The department has responded by extending counseling services to officers and encouraging cops to use them, retaining mental health experts, and seeking to reduce stigmas that are said to be barriers to getting help.

“NYPD’s internal support services are underutilized, that a perception or fear of stigmatization is a common explanation for underused services, and that, until recently, broad categories of uniformed members did not receive formal NYPD training on mental health and wellness after graduating from the police academy,” the inspector general’s report said.

According to the department’s response, the NYPD is also anticipating acquiring therapy dogs and will offer a smartphone app next month for officers that covers topics like mental health and suicide prevention. Other department efforts include potentially integrating meditation and deep breathing into training, reconsidering policies limiting cops’ use of certain prescription medicines, and extending support services to new retirees, several of whom have died by suicide this year.

The department is also eyeing mandatory mental-health checkups for all cops.

Eure’s report said officers about to retire should get mandatory training to reduce the likelihood they will kill themselves. The NYPD accepted that recommendation as well.

Cops and firefighters are more likely to die by suicide than in the line of duty, according to a 2018 report by the Ruderman Family Foundation, which found that people in those professions kill themselves at a higher rate than in the general population.

There were 49 active-duty officers in the NYPD who died by suicide between 2010 and this year, the inspector general’s report said.

According to the report’s results of a survey sent to all uniformed NYPD personnel who left the department in 2016 — to which about 15 percent responded:

A quarter of respondents — 44 out of 174 — reported experiencing “at least one period of emotional stress, trauma, or substance abuse during their careers” that caused them to consider seeking help, but only two thirds actually did.

Half of the respondents who considered seeking help feared the NYPD or colleagues would find out.

The NYPD has accepted the report’s recommendations, according to the response, by the NYPD’s deputy commissioner for risk management bureau, Jeffrey Schlanger.
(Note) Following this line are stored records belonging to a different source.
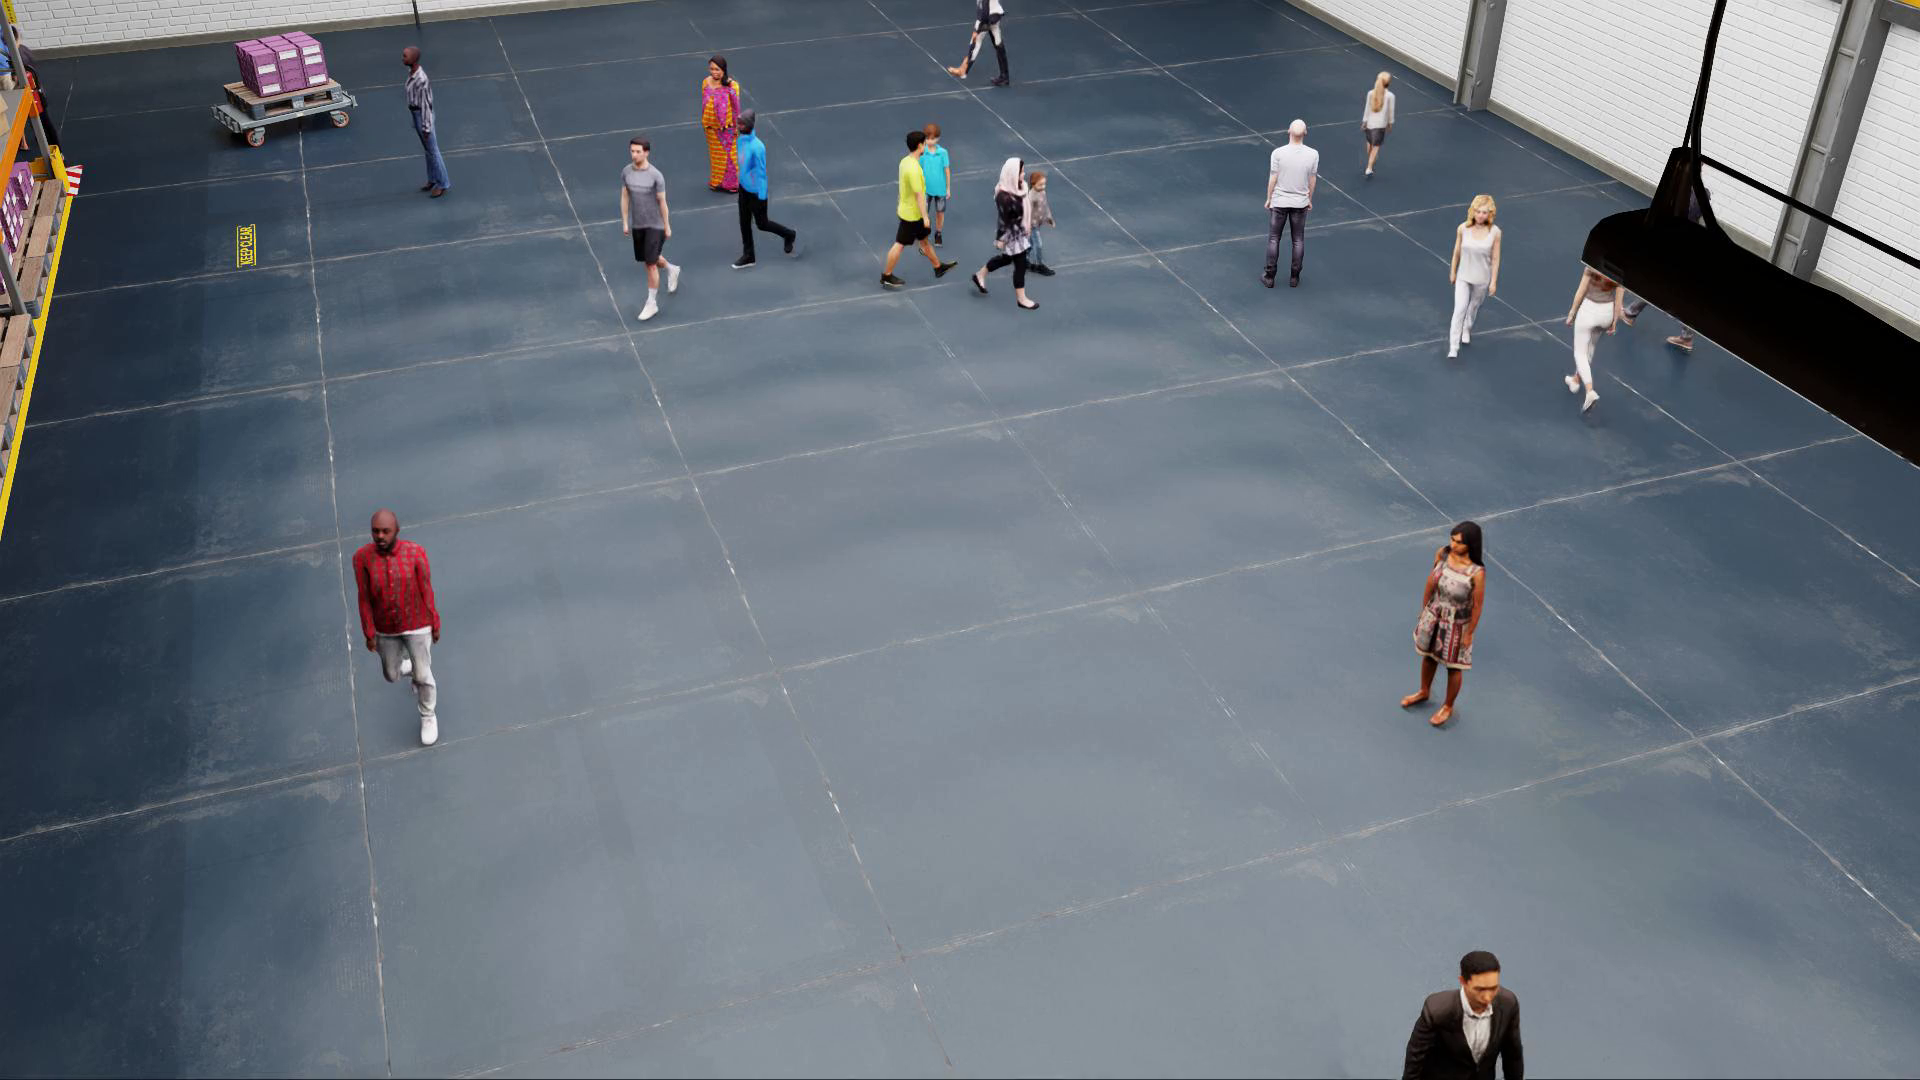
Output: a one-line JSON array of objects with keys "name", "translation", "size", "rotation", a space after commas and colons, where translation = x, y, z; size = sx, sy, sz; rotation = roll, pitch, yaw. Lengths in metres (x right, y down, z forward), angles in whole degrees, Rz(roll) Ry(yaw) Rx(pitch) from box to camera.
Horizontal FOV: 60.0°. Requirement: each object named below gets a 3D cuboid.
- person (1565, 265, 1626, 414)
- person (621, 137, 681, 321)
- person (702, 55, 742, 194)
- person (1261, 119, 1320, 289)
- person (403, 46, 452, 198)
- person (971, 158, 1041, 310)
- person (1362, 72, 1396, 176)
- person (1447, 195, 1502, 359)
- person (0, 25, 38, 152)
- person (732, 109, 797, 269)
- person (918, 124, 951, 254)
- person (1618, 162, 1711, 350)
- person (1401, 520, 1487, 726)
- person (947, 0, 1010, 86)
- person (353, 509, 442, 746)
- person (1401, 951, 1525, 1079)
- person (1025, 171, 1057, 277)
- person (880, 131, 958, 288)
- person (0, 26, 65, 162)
[{"name": "person", "translation": [5.913, -2.011, 15.457], "size": [0.799, 1.699, 1.128], "rotation": [-2, 34, -2]}, {"name": "person", "translation": [-3.178, -3.300, 17.266], "size": [1.154, 1.841, 1.219], "rotation": [14, 36, 20]}, {"name": "person", "translation": [-2.861, -5.024, 20.006], "size": [0.777, 1.681, 0.833], "rotation": [12, 36, 18]}, {"name": "person", "translation": [3.500, -3.579, 17.695], "size": [0.737, 1.832, 0.698], "rotation": [0, 34, 0]}, {"name": "person", "translation": [-6.403, -5.013, 19.885], "size": [0.727, 1.796, 0.540], "rotation": [-20, 38, -27]}, {"name": "person", "translation": [0.456, -3.211, 17.354], "size": [1.088, 1.597, 1.059], "rotation": [13, 36, 19]}, {"name": "person", "translation": [5.140, -5.121, 20.543], "size": [0.888, 1.247, 0.910], "rotation": [18, 37, 24]}, {"name": "person", "translation": [5.106, -2.640, 16.468], "size": [1.019, 1.627, 1.142], "rotation": [10, 35, 15]}, {"name": "person", "translation": [-12.108, -5.928, 21.201], "size": [0.770, 1.864, 0.737], "rotation": [19, 38, 26]}, {"name": "person", "translation": [-2.173, -3.830, 18.123], "size": [0.896, 1.776, 1.027], "rotation": [-24, 41, -32]}, {"name": "person", "translation": [-0.287, -3.990, 18.676], "size": [0.719, 1.430, 0.875], "rotation": [1, 34, 2]}, {"name": "person", "translation": [7.172, -2.805, 16.482], "size": [0.713, 1.885, 1.219], "rotation": [-13, 36, -19]}, {"name": "person", "translation": [3.435, 0.556, 11.644], "size": [0.767, 1.645, 0.573], "rotation": [-22, 40, -30]}, {"name": "person", "translation": [0.489, -7.264, 23.223], "size": [1.237, 1.850, 1.178], "rotation": [14, 36, 20]}, {"name": "person", "translation": [-3.861, 0.528, 11.541], "size": [0.789, 1.805, 0.977], "rotation": [-4, 34, -5]}, {"name": "person", "translation": [2.458, 2.656, 8.377], "size": [0.790, 1.764, 1.126], "rotation": [-8, 34, -11]}, {"name": "person", "translation": [0.762, -3.472, 18.131], "size": [0.746, 1.172, 0.678], "rotation": [16, 37, 23]}, {"name": "person", "translation": [-0.602, -3.472, 17.706], "size": [0.876, 1.643, 1.100], "rotation": [-4, 34, -6]}, {"name": "person", "translation": [-11.530, -5.505, 20.657], "size": [0.757, 1.761, 0.559], "rotation": [-5, 34, -7]}]

The data to be mined — and incorporated into the NYPD’s existing early-intervention program known as the Risk Assessment Information Liability System, or RAILS — will factor into a new “officer wellness” category. The data will also be fused with indicators such as “officers involved in personal domestic incidents or alcohol-related offenses,” to which the Internal Affairs Bureau has access, according to the report.

“Although IAB houses these data,” the report says, “NYPD does not actively review them for trends nor is such information fed into RAILS as performance indicators that could be used to identify at-risk officers who may require officer wellness intervention.”

The report did not name which prescription drugs, or category of prescription drugs, are to be reevaluated but, according to Stu London, an outside attorney for the NYPD’s Police Benevolent Association labor union, the department already scrutinizes an officer taking any prescription drug that could impair the ability to handle a firearm.

The NYPD’s press office did not immediately respond to an email Tuesday seeking more information.